_Exercise_
The required answer is each line in the entries below where "dimtxt" occurs.

_Data for this exercise_
============================================================

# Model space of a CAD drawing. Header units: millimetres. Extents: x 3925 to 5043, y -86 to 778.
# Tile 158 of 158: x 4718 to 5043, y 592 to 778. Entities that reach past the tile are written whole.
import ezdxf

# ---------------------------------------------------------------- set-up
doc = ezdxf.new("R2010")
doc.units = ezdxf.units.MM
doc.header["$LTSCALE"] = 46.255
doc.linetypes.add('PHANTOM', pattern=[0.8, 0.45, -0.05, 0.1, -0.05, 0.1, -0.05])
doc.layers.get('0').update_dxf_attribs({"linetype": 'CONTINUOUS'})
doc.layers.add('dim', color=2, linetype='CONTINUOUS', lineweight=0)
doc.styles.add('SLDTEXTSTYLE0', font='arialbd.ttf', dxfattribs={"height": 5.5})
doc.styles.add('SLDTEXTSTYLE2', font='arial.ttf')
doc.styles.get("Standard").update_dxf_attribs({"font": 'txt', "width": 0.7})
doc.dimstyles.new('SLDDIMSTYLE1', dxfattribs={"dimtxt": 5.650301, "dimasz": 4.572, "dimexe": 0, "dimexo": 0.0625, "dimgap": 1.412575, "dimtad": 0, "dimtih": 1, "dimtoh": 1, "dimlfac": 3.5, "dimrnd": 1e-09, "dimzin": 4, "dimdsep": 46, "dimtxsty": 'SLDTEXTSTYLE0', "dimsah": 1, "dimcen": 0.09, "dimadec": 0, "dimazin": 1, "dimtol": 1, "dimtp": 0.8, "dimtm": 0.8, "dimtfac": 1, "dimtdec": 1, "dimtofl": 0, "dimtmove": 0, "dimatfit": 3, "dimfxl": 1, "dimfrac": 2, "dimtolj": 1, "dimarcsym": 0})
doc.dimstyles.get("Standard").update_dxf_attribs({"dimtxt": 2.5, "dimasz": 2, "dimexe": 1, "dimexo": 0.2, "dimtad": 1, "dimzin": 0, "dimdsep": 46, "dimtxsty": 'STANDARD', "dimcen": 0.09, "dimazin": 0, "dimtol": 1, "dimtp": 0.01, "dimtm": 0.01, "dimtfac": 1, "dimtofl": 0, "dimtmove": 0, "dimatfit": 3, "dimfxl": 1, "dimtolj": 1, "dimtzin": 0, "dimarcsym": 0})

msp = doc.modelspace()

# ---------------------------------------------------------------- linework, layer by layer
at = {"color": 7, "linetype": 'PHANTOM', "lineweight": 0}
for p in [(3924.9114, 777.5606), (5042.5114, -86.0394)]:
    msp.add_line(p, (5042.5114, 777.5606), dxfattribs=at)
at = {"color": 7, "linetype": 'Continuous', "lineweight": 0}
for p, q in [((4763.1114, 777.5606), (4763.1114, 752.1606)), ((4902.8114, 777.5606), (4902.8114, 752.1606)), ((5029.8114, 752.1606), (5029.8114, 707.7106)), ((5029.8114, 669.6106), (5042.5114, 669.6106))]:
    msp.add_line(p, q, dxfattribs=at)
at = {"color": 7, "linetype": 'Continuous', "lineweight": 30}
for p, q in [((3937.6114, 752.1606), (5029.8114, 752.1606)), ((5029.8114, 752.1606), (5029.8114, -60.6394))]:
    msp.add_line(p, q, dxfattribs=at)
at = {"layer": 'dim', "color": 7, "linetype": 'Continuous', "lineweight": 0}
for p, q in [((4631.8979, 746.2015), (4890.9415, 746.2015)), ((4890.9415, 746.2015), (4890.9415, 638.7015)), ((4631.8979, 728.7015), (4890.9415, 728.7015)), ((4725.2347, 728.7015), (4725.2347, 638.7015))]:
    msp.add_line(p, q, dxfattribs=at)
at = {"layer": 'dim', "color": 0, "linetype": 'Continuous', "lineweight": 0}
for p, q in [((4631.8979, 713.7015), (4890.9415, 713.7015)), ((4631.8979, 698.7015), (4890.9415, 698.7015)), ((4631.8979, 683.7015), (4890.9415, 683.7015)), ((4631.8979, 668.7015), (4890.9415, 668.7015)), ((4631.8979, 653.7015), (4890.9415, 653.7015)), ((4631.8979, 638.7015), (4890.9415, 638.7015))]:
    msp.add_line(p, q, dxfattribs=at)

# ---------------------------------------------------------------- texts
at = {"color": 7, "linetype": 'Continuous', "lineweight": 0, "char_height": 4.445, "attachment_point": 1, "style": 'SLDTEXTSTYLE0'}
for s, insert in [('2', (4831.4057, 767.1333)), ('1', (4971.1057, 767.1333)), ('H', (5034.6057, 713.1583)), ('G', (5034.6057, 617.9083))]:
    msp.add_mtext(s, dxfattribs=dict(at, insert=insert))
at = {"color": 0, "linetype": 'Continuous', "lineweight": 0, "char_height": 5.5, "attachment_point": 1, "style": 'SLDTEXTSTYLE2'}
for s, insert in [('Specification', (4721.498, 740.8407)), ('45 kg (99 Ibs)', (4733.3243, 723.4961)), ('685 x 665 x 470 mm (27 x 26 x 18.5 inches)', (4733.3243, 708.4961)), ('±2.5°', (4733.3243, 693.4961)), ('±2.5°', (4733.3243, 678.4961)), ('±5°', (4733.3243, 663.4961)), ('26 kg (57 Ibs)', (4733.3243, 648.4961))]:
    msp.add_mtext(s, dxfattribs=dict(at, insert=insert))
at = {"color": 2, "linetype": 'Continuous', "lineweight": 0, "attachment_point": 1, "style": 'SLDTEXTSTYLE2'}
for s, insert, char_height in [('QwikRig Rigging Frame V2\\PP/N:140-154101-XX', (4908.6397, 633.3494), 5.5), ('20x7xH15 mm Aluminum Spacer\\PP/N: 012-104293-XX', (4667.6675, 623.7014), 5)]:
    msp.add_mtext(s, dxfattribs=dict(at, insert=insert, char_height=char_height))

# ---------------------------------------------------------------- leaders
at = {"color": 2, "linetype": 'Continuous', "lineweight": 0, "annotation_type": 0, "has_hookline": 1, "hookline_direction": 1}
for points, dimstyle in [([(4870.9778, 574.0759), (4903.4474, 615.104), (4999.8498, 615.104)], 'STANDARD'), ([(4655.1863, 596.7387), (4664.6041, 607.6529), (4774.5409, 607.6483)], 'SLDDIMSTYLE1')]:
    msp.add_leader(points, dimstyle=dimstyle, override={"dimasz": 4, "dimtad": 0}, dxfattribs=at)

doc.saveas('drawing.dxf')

============================================================

_Exercise output_
doc.dimstyles.new('SLDDIMSTYLE1', dxfattribs={"dimtxt": 5.650301, "dimasz": 4.572, "dimexe": 0, "dimexo": 0.0625, "dimgap": 1.412575, "dimtad": 0, "dimtih": 1, "dimtoh": 1, "dimlfac": 3.5, "dimrnd": 1e-09, "dimzin": 4, "dimdsep": 46, "dimtxsty": 'SLDTEXTSTYLE0', "dimsah": 1, "dimcen": 0.09, "dimadec": 0, "dimazin": 1, "dimtol": 1, "dimtp": 0.8, "dimtm": 0.8, "dimtfac": 1, "dimtdec": 1, "dimtofl": 0, "dimtmove": 0, "dimatfit": 3, "dimfxl": 1, "dimfrac": 2, "dimtolj": 1, "dimarcsym": 0})
doc.dimstyles.get("Standard").update_dxf_attribs({"dimtxt": 2.5, "dimasz": 2, "dimexe": 1, "dimexo": 0.2, "dimtad": 1, "dimzin": 0, "dimdsep": 46, "dimtxsty": 'STANDARD', "dimcen": 0.09, "dimazin": 0, "dimtol": 1, "dimtp": 0.01, "dimtm": 0.01, "dimtfac": 1, "dimtofl": 0, "dimtmove": 0, "dimatfit": 3, "dimfxl": 1, "dimtolj": 1, "dimtzin": 0, "dimarcsym": 0})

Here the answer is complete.